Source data
· · · · ·
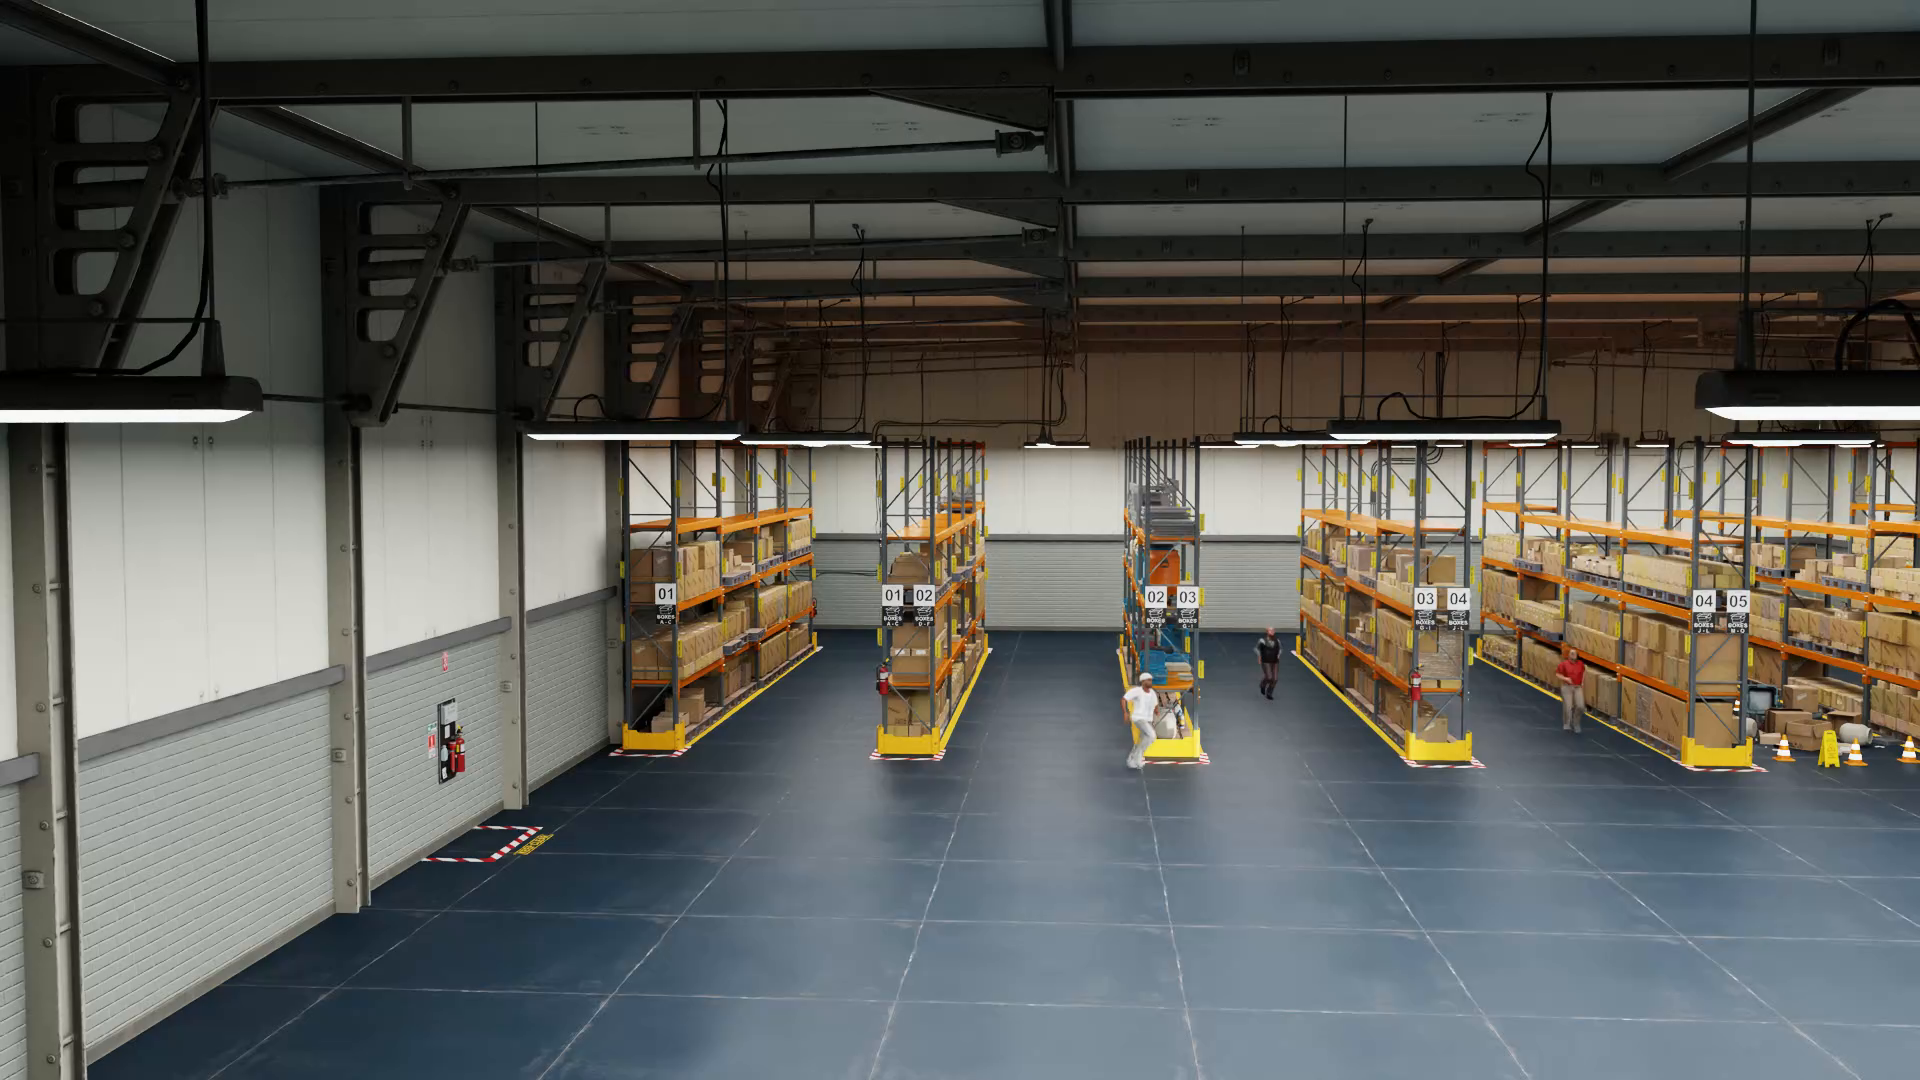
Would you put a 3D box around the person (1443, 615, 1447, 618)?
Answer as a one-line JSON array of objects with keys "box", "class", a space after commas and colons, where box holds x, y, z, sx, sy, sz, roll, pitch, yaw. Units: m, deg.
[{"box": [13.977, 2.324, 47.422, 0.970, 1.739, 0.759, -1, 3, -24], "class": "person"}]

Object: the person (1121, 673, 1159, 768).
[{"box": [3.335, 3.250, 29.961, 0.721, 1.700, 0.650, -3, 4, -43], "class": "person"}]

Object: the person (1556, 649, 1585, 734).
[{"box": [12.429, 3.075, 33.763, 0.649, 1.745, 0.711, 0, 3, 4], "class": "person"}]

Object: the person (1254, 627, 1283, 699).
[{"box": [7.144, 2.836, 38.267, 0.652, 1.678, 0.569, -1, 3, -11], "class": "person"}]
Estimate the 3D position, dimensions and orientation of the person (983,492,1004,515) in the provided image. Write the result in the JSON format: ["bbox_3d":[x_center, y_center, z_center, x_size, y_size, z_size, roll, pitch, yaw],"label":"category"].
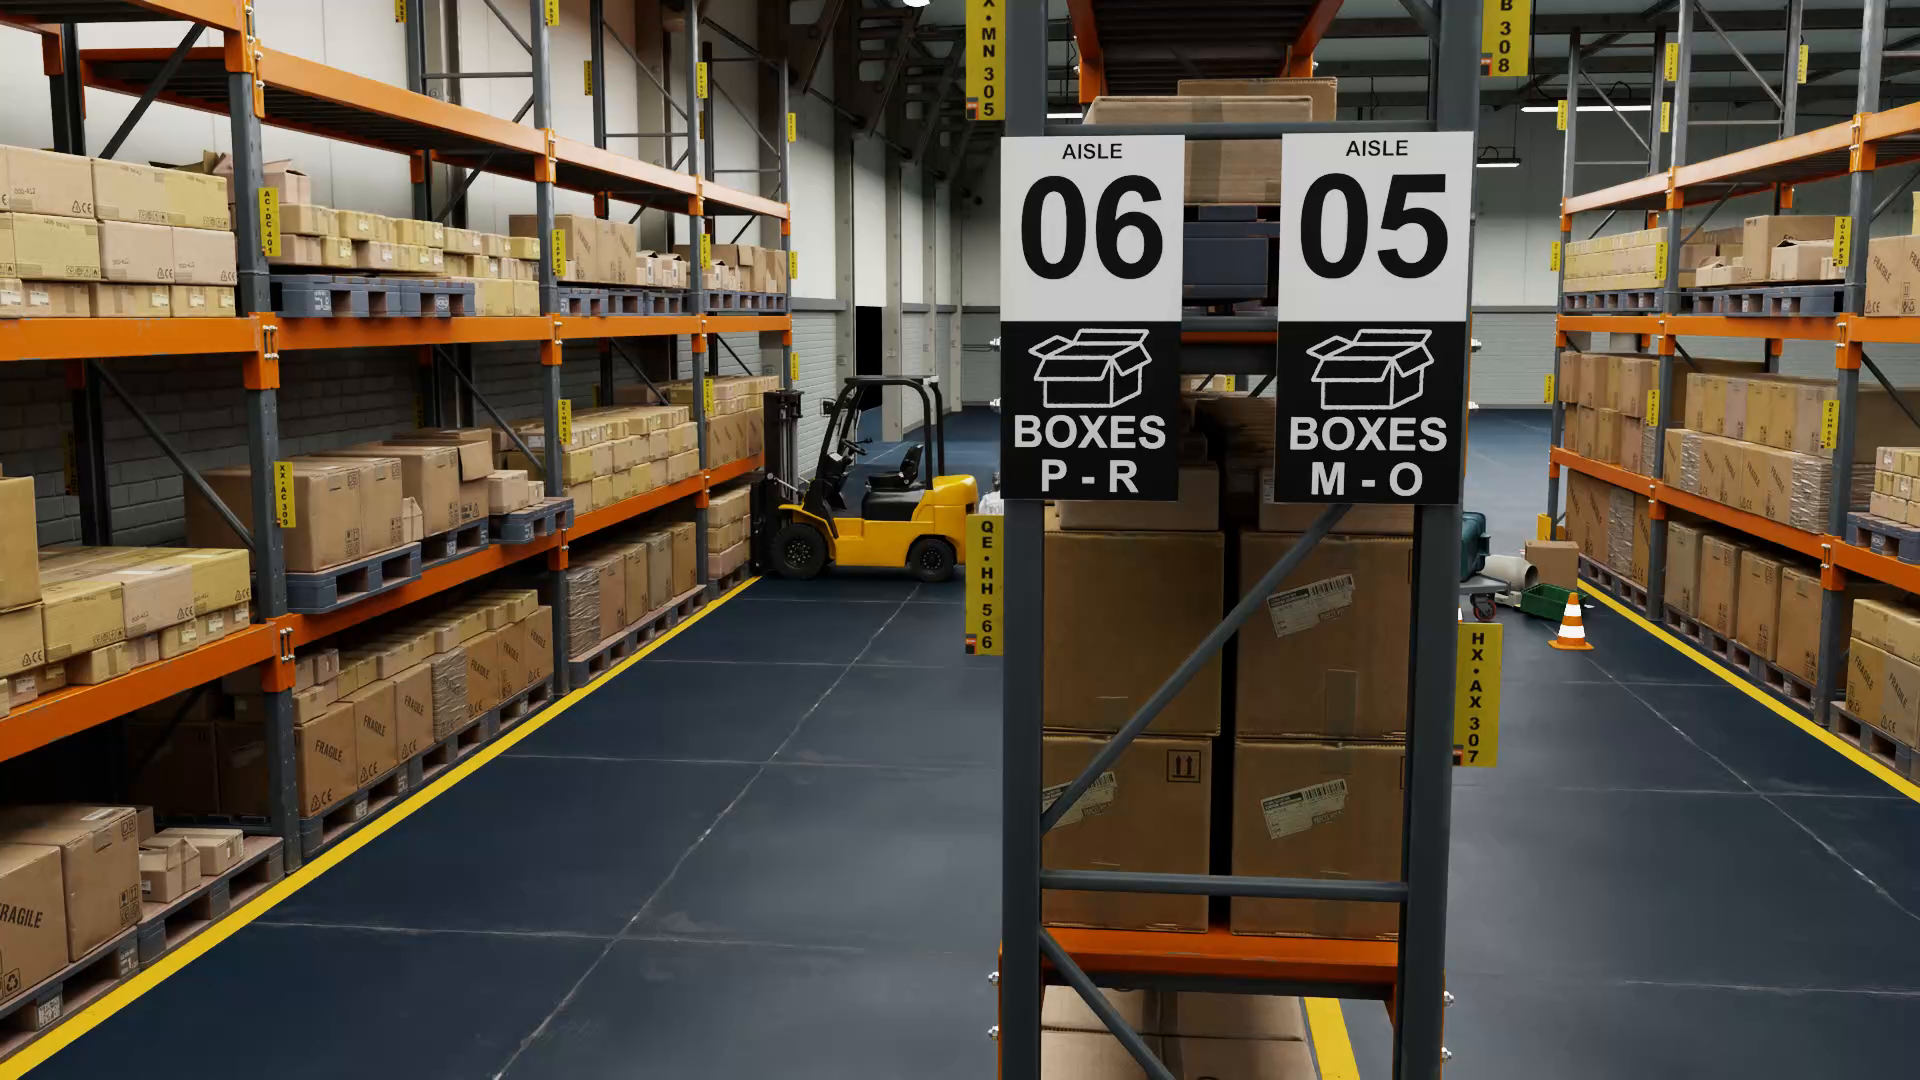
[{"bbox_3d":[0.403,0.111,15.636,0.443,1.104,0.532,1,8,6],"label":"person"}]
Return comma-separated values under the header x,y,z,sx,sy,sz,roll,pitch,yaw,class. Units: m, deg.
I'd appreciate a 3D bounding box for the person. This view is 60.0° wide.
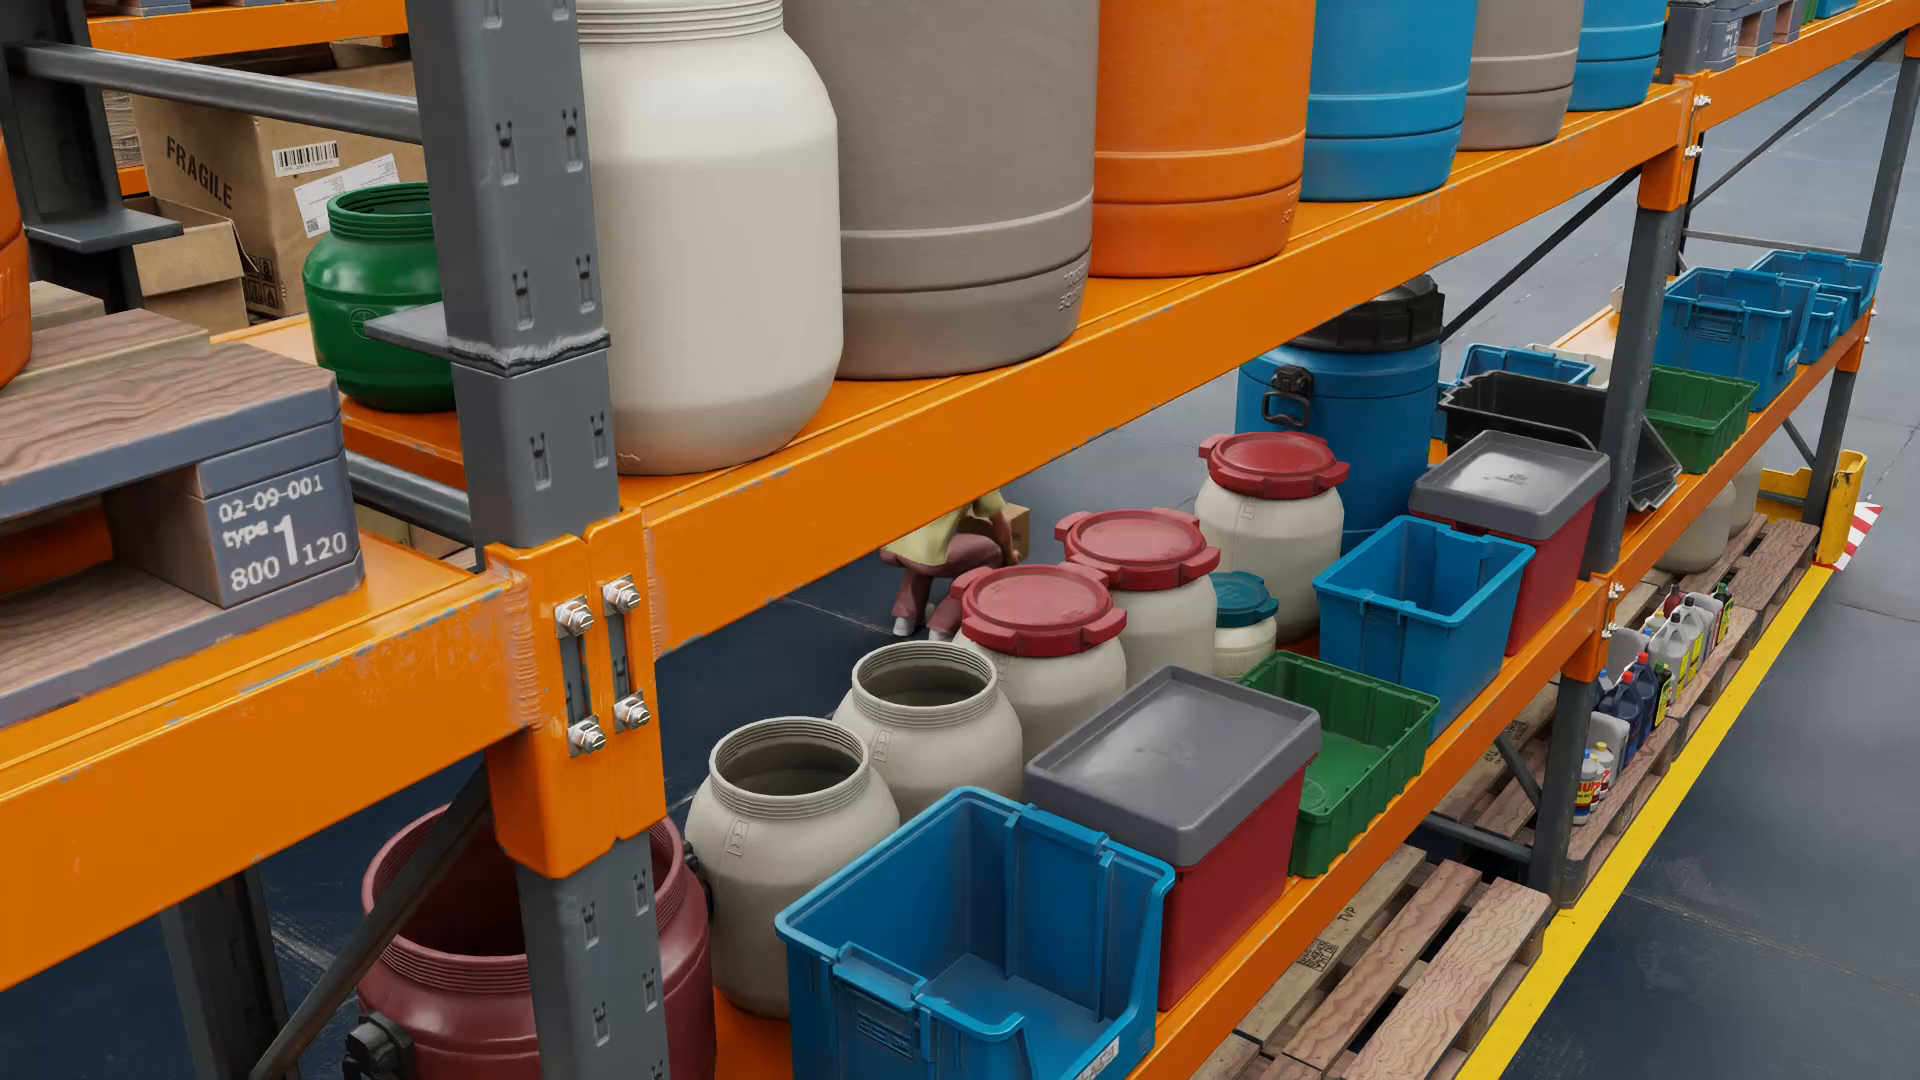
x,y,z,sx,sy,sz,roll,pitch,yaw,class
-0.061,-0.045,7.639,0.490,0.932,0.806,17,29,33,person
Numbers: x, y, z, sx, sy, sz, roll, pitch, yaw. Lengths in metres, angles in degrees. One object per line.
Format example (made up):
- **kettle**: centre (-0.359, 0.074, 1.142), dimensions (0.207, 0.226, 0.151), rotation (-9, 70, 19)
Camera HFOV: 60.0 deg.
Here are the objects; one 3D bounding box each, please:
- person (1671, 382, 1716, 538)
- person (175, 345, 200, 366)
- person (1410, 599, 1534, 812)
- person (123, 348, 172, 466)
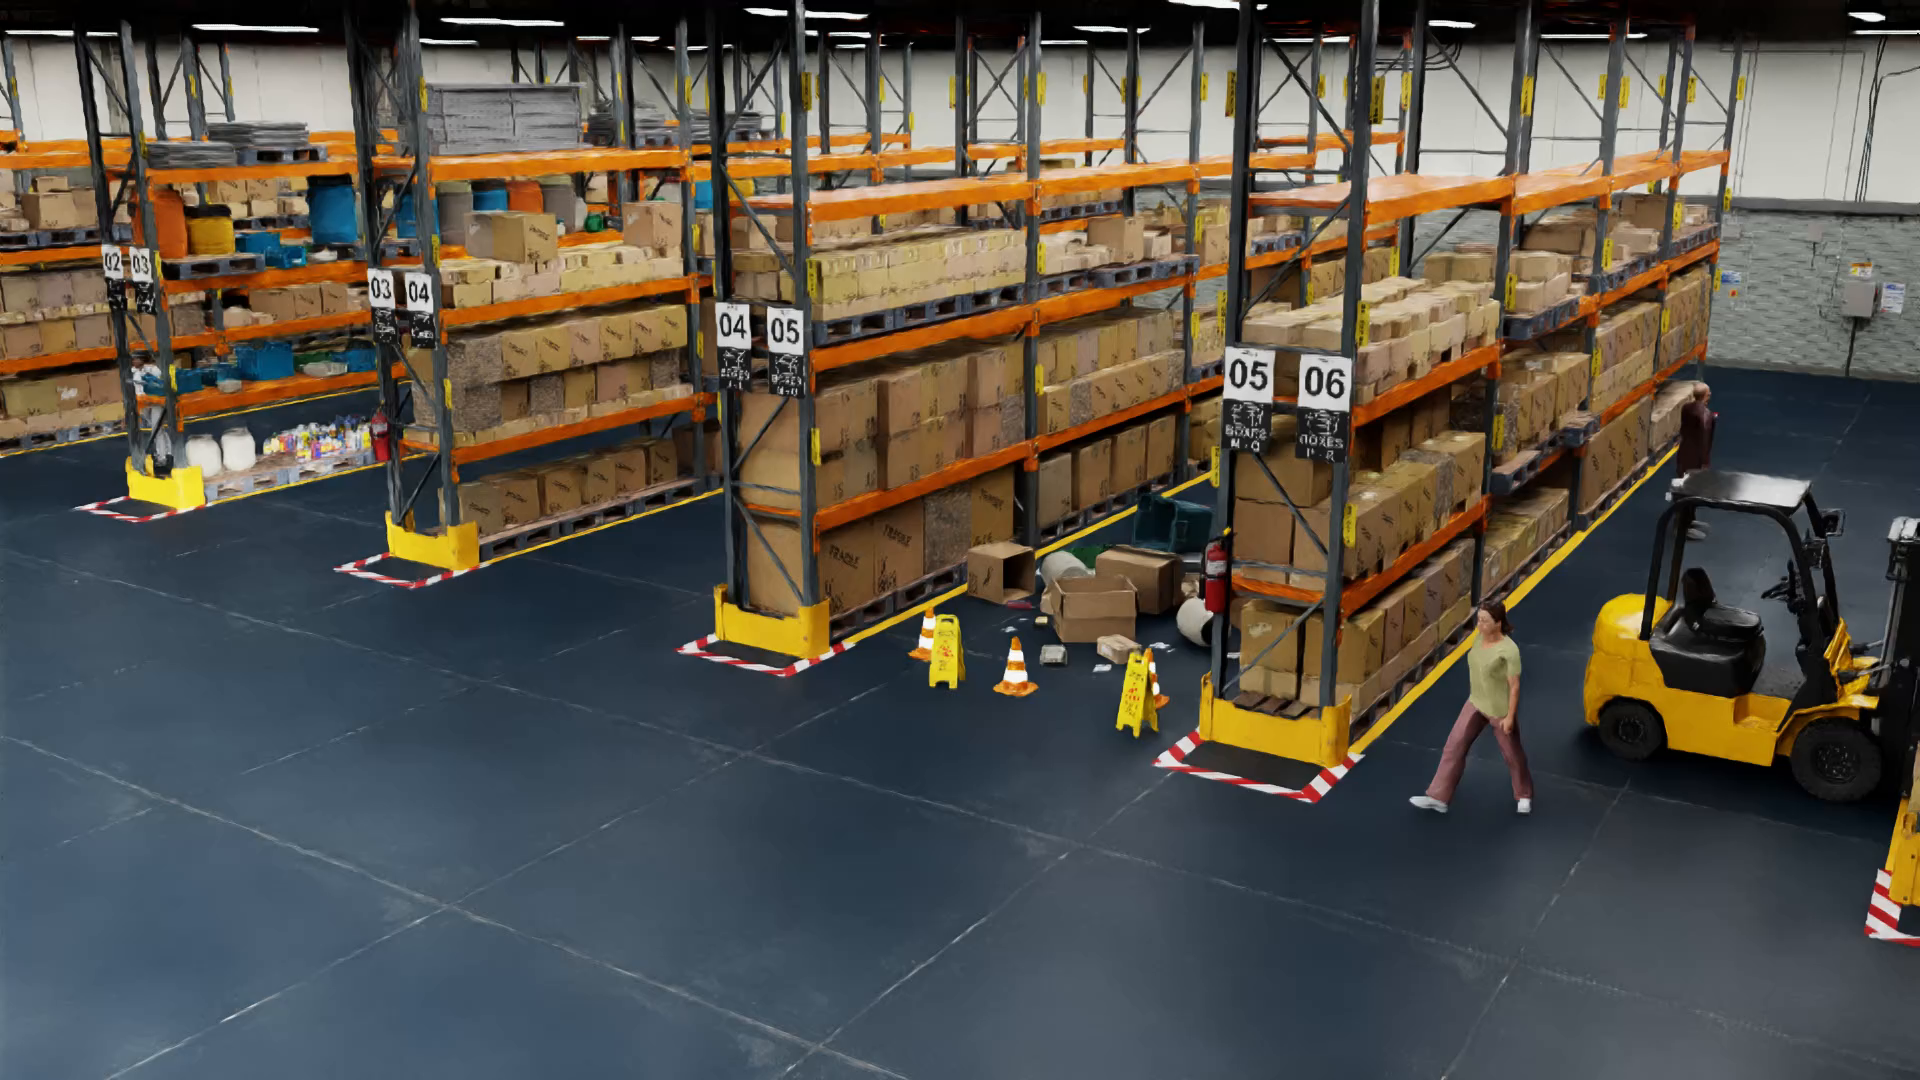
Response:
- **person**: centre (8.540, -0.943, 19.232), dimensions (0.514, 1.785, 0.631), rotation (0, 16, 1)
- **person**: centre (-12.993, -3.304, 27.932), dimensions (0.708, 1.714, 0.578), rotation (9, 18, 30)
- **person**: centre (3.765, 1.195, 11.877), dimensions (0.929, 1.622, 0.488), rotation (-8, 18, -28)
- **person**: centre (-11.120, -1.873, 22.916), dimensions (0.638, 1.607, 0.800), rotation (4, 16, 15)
· · · · ·
All entries, top to bottom, should be retyped exactly; the pictures should not be.

*SOLUTION FOR THIS PROBLEM*:
Would you put a 3D box around the person (1443, 615, 1447, 618)?
Answer as a one-line JSON array of objects with keys "box", "class", a space after commas and colons, where box holds x, y, z, sx, sy, sz, roll, pitch, yaw. Units: m, deg.
[{"box": [13.977, 2.324, 47.422, 0.970, 1.739, 0.759, -1, 3, -24], "class": "person"}]

Object: the person (1121, 673, 1159, 768).
[{"box": [3.335, 3.250, 29.961, 0.721, 1.700, 0.650, -3, 4, -43], "class": "person"}]

Object: the person (1556, 649, 1585, 734).
[{"box": [12.429, 3.075, 33.763, 0.649, 1.745, 0.711, 0, 3, 4], "class": "person"}]

Object: the person (1254, 627, 1283, 699).
[{"box": [7.144, 2.836, 38.267, 0.652, 1.678, 0.569, -1, 3, -11], "class": "person"}]
Estimate the 3D position, dimensions and orientation of the person (983,492,1004,515) in the provided image. Write the result in the JSON format: ["bbox_3d":[x_center, y_center, z_center, x_size, y_size, z_size, roll, pitch, yaw],"label":"category"].
[{"bbox_3d":[0.403,0.111,15.636,0.443,1.104,0.532,1,8,6],"label":"person"}]
Return comma-separated values under the header x,y,z,sx,sy,sz,roll,pitch,yaw,class. Units: m, deg.
I'd appreciate a 3D bounding box for the person. This view is 60.0° wide.
x,y,z,sx,sy,sz,roll,pitch,yaw,class
-0.061,-0.045,7.639,0.490,0.932,0.806,17,29,33,person
Numbers: x, y, z, sx, sy, sz, roll, pitch, yaw. Lengths in metres, angles in degrees. One object per line.
Format example (made up):
- **kettle**: centre (-0.359, 0.074, 1.142), dimensions (0.207, 0.226, 0.151), rotation (-9, 70, 19)
Camera HFOV: 60.0 deg.
Here are the objects; one 3D bounding box each, please:
- person (1671, 382, 1716, 538)
- person (175, 345, 200, 366)
- person (1410, 599, 1534, 812)
- person (123, 348, 172, 466)
Response:
- **person**: centre (8.540, -0.943, 19.232), dimensions (0.514, 1.785, 0.631), rotation (0, 16, 1)
- **person**: centre (-12.993, -3.304, 27.932), dimensions (0.708, 1.714, 0.578), rotation (9, 18, 30)
- **person**: centre (3.765, 1.195, 11.877), dimensions (0.929, 1.622, 0.488), rotation (-8, 18, -28)
- **person**: centre (-11.120, -1.873, 22.916), dimensions (0.638, 1.607, 0.800), rotation (4, 16, 15)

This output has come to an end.